それに動きを止め、僕はキラキラと目を輝かせてしまう。
あからさまに反応してしまう自分が恥ずかしい。
しかしショートケーキに目がない僕は、遠慮もなしにご馳走してもらうことにした。
「はい。おまたせー」
控え室のテーブルに置かれたショートケーキに、僕は満面の笑みを浮かべる。
すぐにもぐもぐ食べだした虎介を、微笑ましそうに頬杖をつき見つめていた志音は話を切り出した。
「虎くんってさ、バイトとかしないの?」
「え?あ、あぁ……」
志音の質問に、虎介は手を止め困ったように眉を下げる。
その反応に志音が首をかしげる中、一瞬で空になった皿にフォークを置いて、虎介は口を開いた。

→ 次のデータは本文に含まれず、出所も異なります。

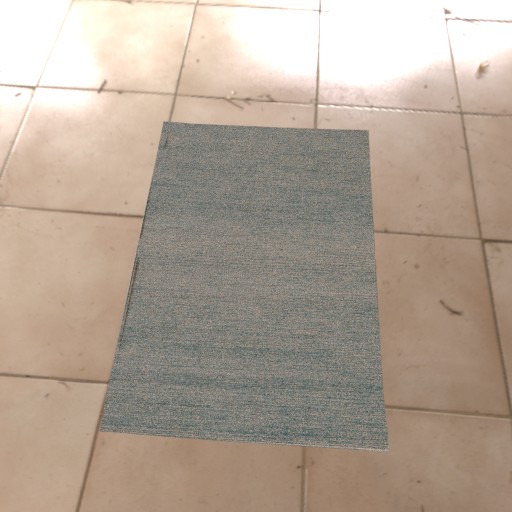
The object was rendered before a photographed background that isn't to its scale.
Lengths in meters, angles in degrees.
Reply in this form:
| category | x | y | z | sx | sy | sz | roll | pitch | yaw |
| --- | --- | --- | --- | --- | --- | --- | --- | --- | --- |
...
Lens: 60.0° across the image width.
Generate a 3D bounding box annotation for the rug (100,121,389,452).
| category | x | y | z | sx | sy | sz | roll | pitch | yaw |
| --- | --- | --- | --- | --- | --- | --- | --- | --- | --- |
| rug | 0.000 | 0.000 | 2.961 | 1.613 | 0.030 | 2.306 | 3 | 63 | 2 |
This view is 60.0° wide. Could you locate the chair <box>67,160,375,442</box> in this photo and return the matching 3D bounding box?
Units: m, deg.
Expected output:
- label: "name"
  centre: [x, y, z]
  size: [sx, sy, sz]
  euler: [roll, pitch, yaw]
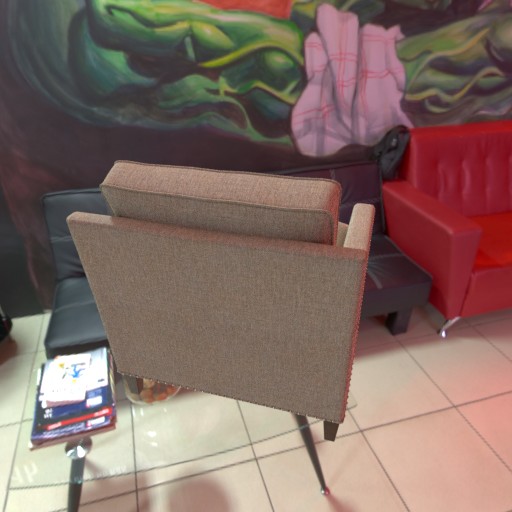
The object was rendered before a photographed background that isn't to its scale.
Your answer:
- label: "chair"
  centre: [0.000, 0.000, 1.741]
  size: [0.853, 0.943, 1.014]
  euler: [8, 31, 14]
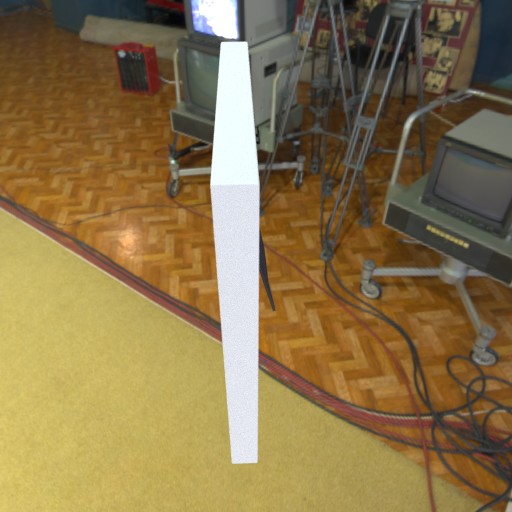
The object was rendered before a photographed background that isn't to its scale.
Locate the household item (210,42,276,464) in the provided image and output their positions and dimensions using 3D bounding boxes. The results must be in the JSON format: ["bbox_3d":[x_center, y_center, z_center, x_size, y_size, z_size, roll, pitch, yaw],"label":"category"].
[{"bbox_3d":[0.000,0.000,0.336,0.045,0.250,0.200,-1,41,-2],"label":"household item"}]
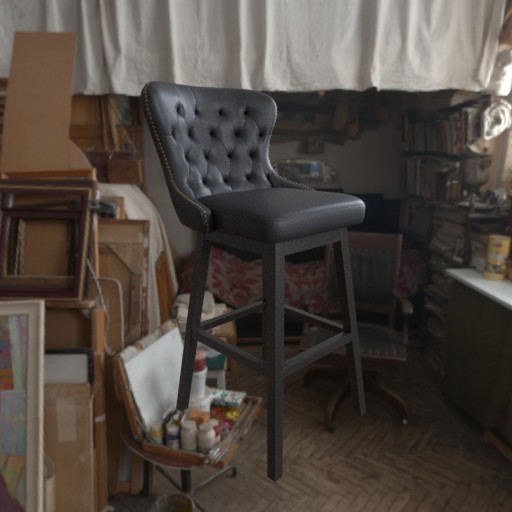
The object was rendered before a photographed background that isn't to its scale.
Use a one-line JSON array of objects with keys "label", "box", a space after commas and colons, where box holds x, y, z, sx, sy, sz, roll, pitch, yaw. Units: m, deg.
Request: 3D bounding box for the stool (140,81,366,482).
[{"label": "stool", "box": [0.000, 0.000, 1.399, 0.528, 1.050, 0.601, -14, 21, -42]}]
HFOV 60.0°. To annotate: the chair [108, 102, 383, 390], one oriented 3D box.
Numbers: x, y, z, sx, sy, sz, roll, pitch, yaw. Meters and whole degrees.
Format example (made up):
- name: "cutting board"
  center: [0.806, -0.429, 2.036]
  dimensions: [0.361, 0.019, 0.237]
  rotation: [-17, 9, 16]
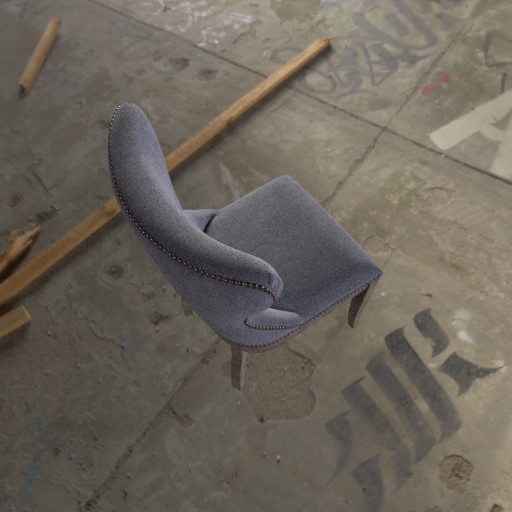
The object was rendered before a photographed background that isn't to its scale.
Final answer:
- name: "chair"
  center: [0.000, 0.000, 1.454]
  dimensions: [0.681, 1.002, 0.654]
  rotation: [-30, 63, -18]
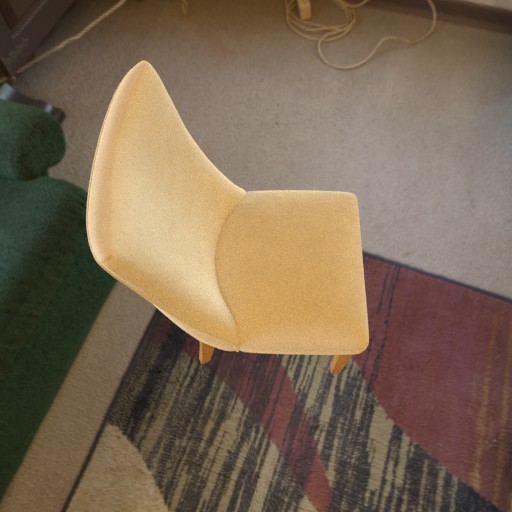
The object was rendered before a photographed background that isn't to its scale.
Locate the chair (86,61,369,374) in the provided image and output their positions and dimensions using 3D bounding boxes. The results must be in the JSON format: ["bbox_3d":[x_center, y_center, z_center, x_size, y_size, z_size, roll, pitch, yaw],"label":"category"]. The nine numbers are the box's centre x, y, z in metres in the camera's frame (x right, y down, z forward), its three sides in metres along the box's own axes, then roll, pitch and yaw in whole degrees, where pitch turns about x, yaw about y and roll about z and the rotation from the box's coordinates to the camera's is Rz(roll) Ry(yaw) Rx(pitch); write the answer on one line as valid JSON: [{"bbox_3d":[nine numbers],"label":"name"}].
[{"bbox_3d":[0.000,0.000,1.221,0.610,0.902,0.495,2,64,1],"label":"chair"}]
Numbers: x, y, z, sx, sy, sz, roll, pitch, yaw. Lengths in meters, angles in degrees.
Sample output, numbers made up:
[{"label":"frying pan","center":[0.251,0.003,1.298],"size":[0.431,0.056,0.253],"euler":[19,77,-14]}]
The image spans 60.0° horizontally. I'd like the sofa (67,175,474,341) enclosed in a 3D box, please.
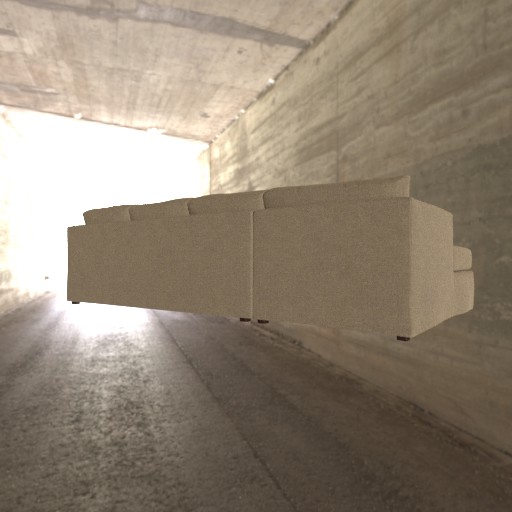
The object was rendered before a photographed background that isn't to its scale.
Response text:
[{"label":"sofa","center":[0.000,0.000,3.830],"size":[3.198,0.920,1.638],"euler":[0,-1,36]}]

「一度、飲食店でバイトをしたことがあるんだけど……」
「? うん」
「そのときお客さんから、その……せ、セクハラというか、そういうことをされて……」
「……うん」
「それ以来、父さんからバイト禁止令を出されてるんだ……」
遠い目をして「ははは……」と笑う虎介に、志音はなんだか申し訳ない気分になった。
「もう一個、ケーキ食べる?」
「えっ、いいの?」
途端瞳に輝きが戻った虎介に、志音はすっかり親の気分で「お食べお食べ」とうんうん頷く。
追加のケーキをテーブルに置くと、虎介はまたもぐもぐ食べ出した。
虎くんって、食べ方も小動物みたいで可愛いよなぁ。
なんだろう。無性に写メ撮りたい。
今なら結衣さんの気持ちが分かるかもしれない。